On monday, dinner at sakae with dear at tiong bahru.. lol.. he super bth mi tt day.. cos i dont know why i was talking non-stop.. even when i said i wanted to keep quiet.. i stil said alot of things before i shut up..

Today another usual day.. rh n wee said in another 2 mths, the same thing will repeat itself again.. tts the frequency of it happening in the past.. how? i asked myself this.. everytime i said its the last time i am going to let it happen.. but somehow its always not the case.. I am just wondering how mani last times.. they say i am veri soft hearted.. i have no choice but to agree..

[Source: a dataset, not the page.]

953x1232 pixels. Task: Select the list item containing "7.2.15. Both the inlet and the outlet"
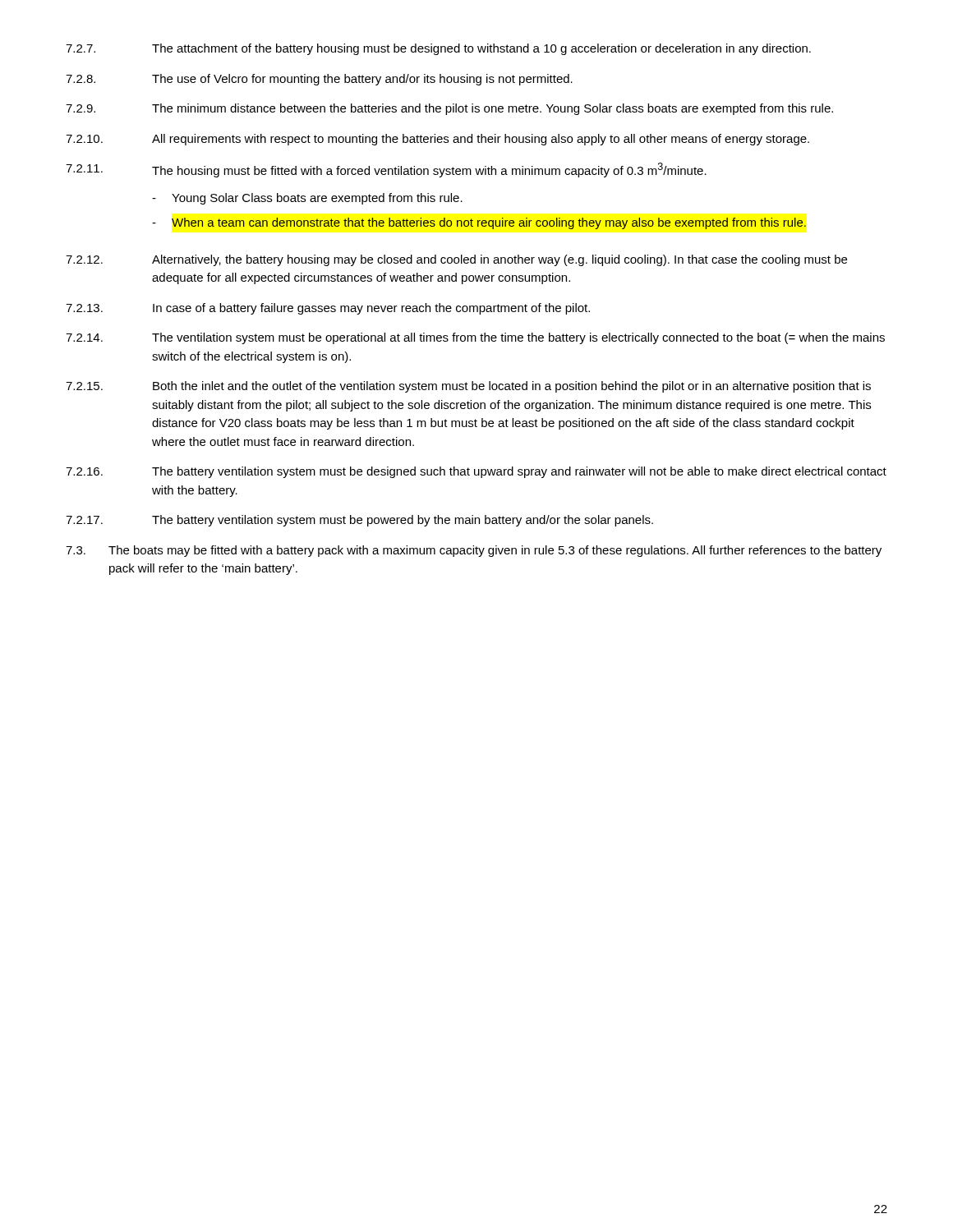[476, 414]

I found myself asking why do i have a soft spot for him?
I dont go back when i said i wanted to let go.. but for him i did it..
There are things that i really cant accept, but for him i accept it..
This is so weird.. so weird..

Mayb this is wat u call love..
everything's so weird about it..
I just dont understand.. zzzz""

Saturday, March 25, 2006

I have been going thru emotional spells.. and right now when i am supposed to be slping... i just cant slp..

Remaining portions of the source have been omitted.